É bom que se exiba a fragilidade, “tantas vezes vai o cântaro à fonte…”, até o poder, os impérios são periclitantes e daí se falar nos gigantes com pés de barro.

O que mais aprecio nestas exposições é que cada um tem completa alforria para ver e interpretar como lhe apetece. Por mim, no espaço preambular, senti-me bem a ver aquelas bilhas (pequenas talhas?) a apontar para o rio, tomo o código como uma sinalização do lugar, a olaria não vive sem a água, estes artífices vêm da noite dos tempos, os objetos que hoje produzem vão da utilidade para medidas, vasos de jardim, peças que adornam a cantaria, que sei eu, até o trabalho artístico e logo nos assalta a memória a Rosa Ramalho, o Mistério, o José Franco.
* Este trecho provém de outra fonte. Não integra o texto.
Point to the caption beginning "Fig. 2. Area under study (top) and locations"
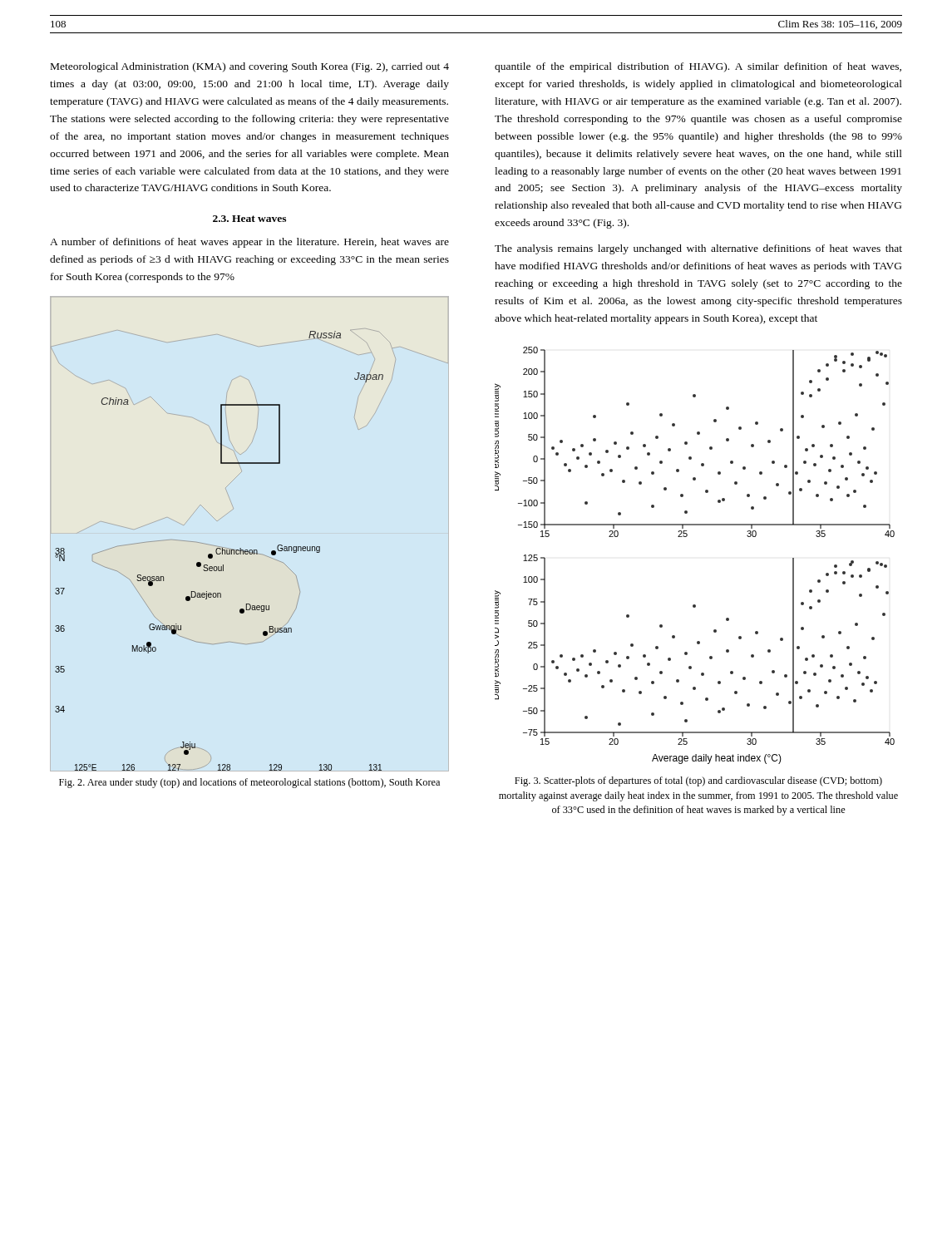Viewport: 952px width, 1247px height. 249,782
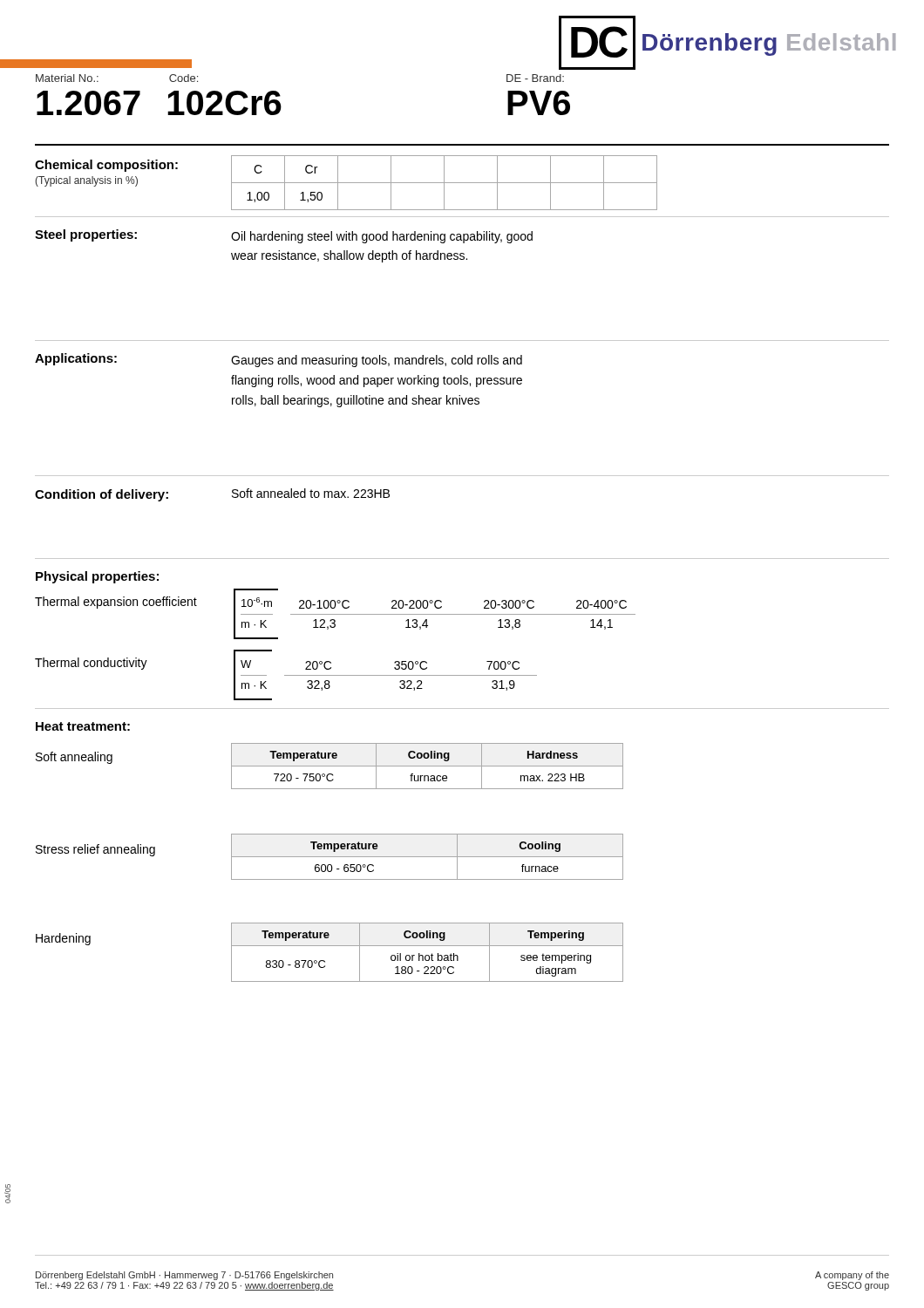
Task: Find "Physical properties:" on this page
Action: (97, 576)

Estes artífices que tenham orgulho com o seu bilhete de identidade, lembrem-se de Rafael Bordalo Pinheiro que andou pelas Caldas da Rainha a fabricar obras geniais, do útil ao decorativo, divertindo-se à grande com o Zé Povinho, os ataques a John Bull, tudo quanto saía da sua fábrica podia albergar-se em casa de gente pobre, de grandes burgueses, de peralvilhos endinheirados, aristocratas. E se há imagem que mais me conforta o espírito são as mãos no barro, o íntimo movimento da criação que vai do informe ao objeto, as mãos embebidas nessa mesma criação, parece que delas emana a carne viva da inspiração.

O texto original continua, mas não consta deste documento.